◆ Instructions to follow
Retype every record exactly. Leave the pictures out.

◆ Provided data
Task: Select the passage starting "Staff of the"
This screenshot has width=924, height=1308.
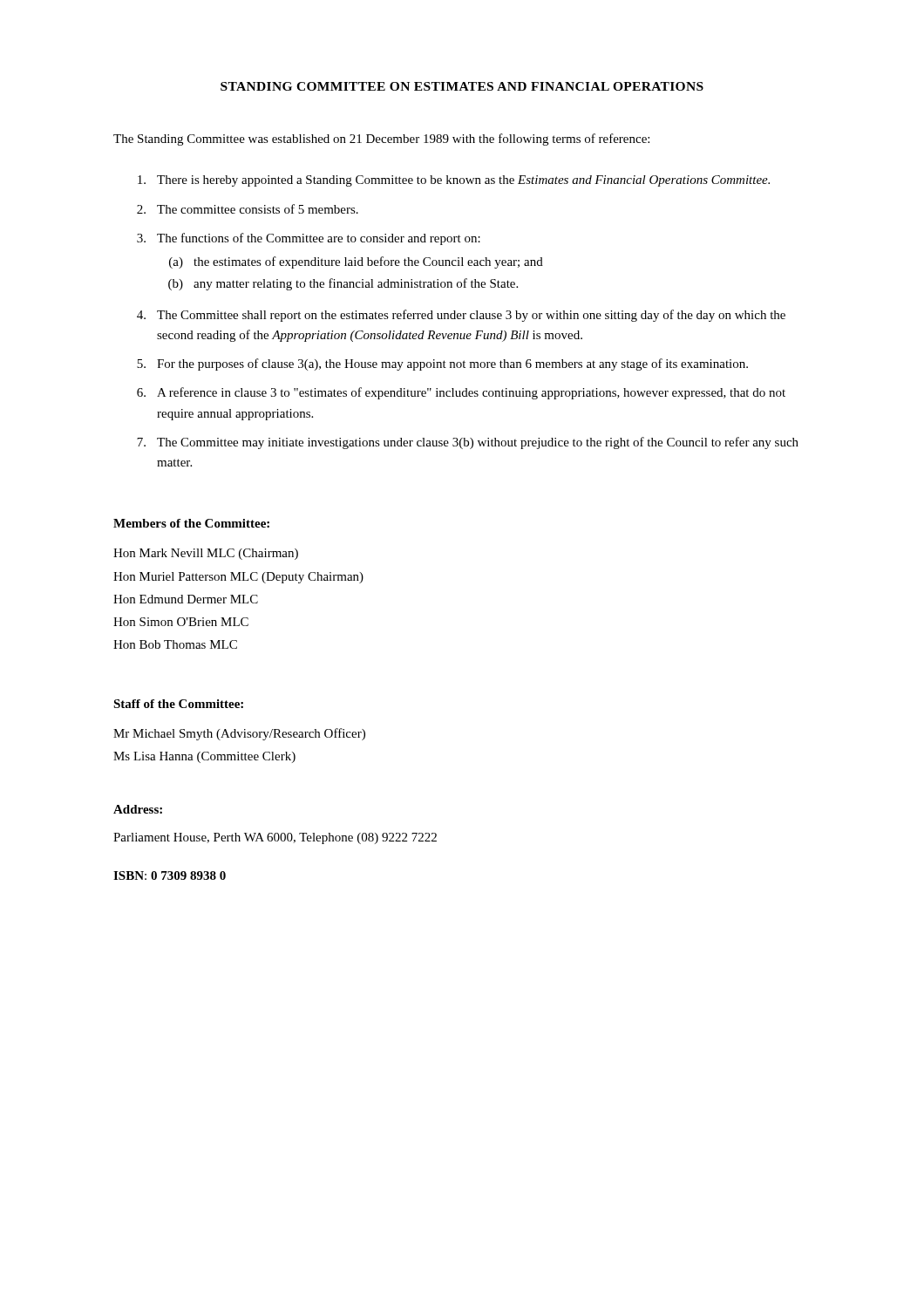Action: click(x=179, y=703)
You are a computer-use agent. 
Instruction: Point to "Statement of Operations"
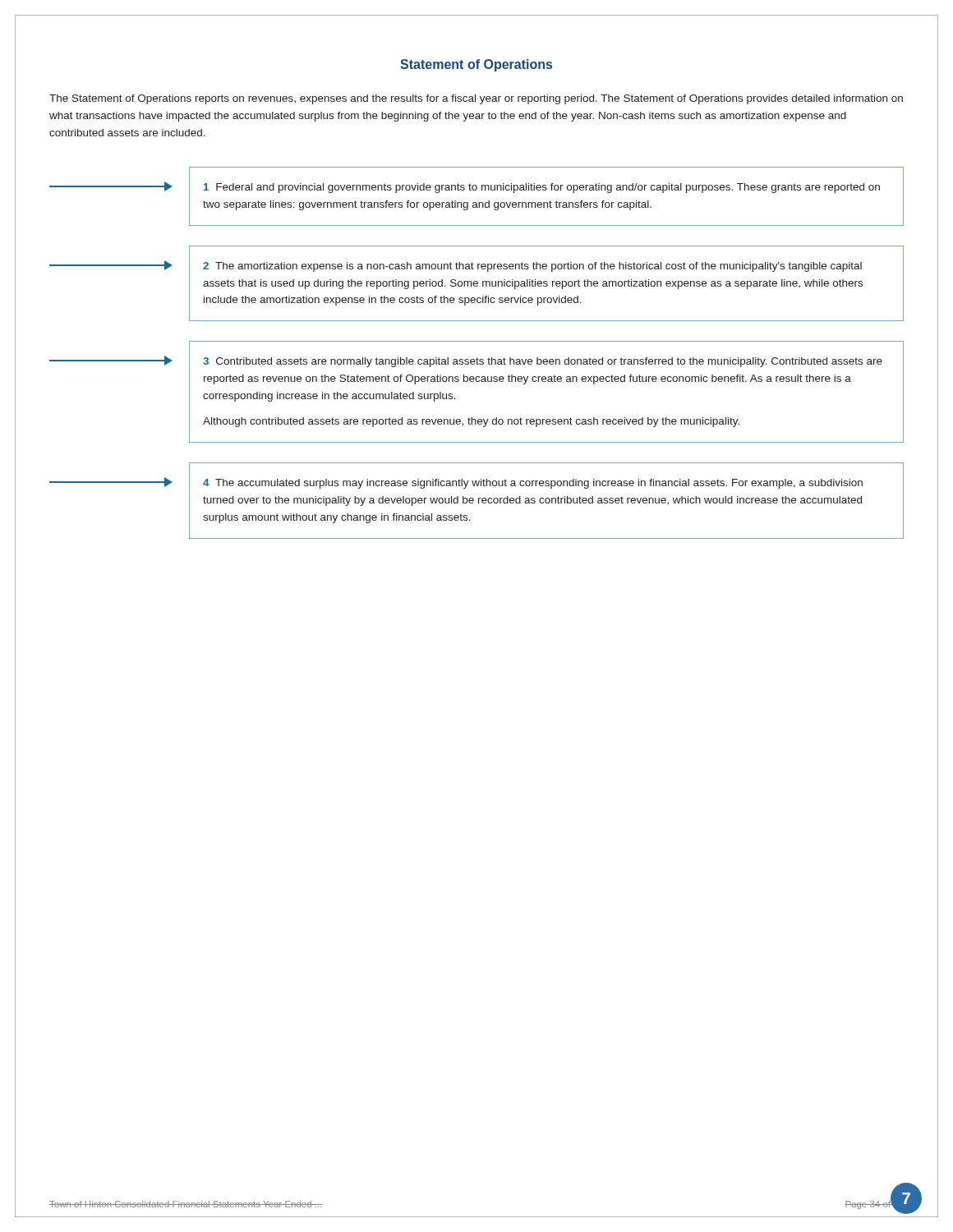pyautogui.click(x=476, y=64)
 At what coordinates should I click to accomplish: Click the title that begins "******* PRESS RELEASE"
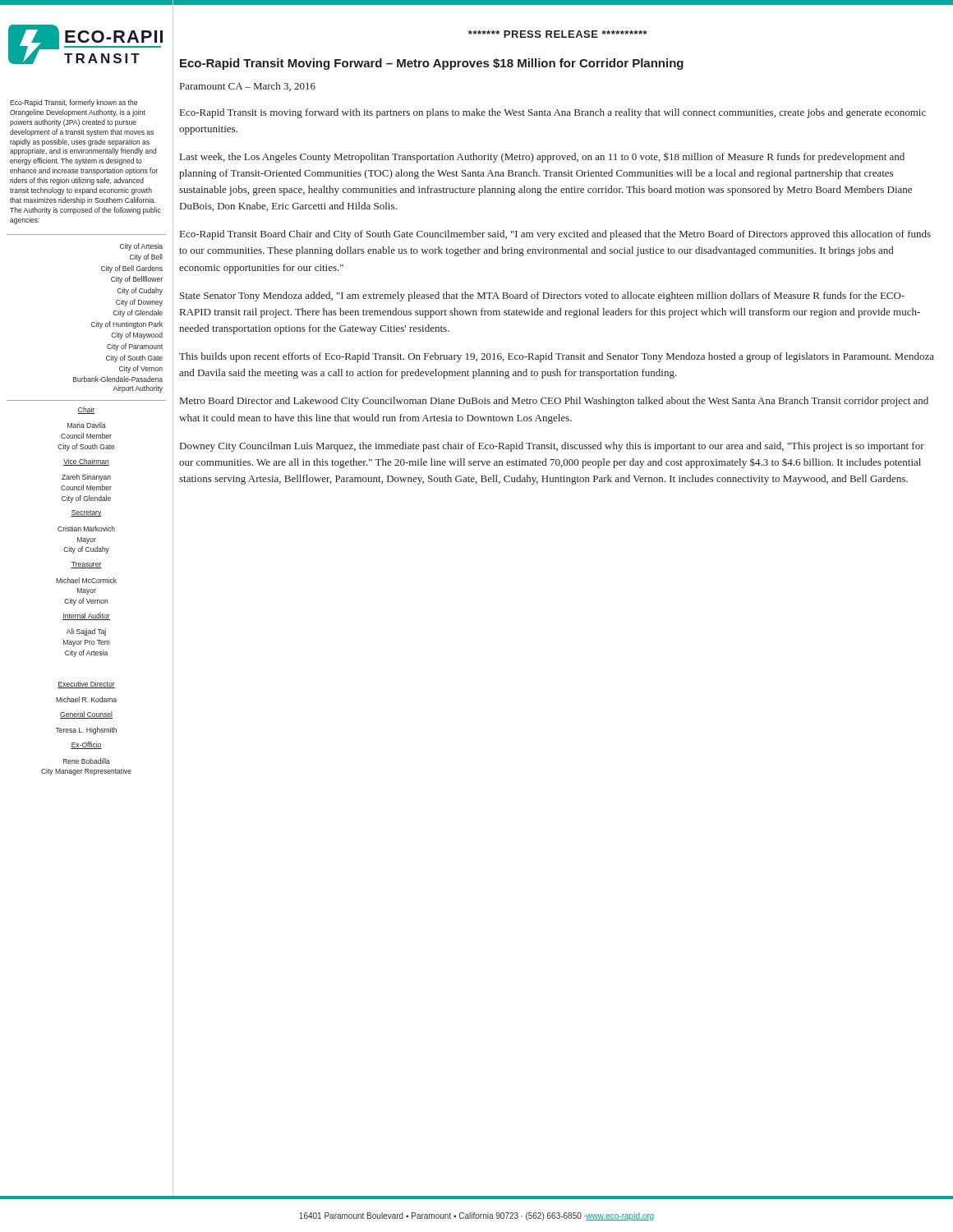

◆ Final answer
Task: Select the passage starting "Staff of the"
This screenshot has width=924, height=1308.
Action: click(x=179, y=703)
You are a computer-use agent. 
Instruction: Point to "Statement of Operations"
pyautogui.click(x=476, y=64)
 At what coordinates should I click to accomplish: Click the title that begins "******* PRESS RELEASE"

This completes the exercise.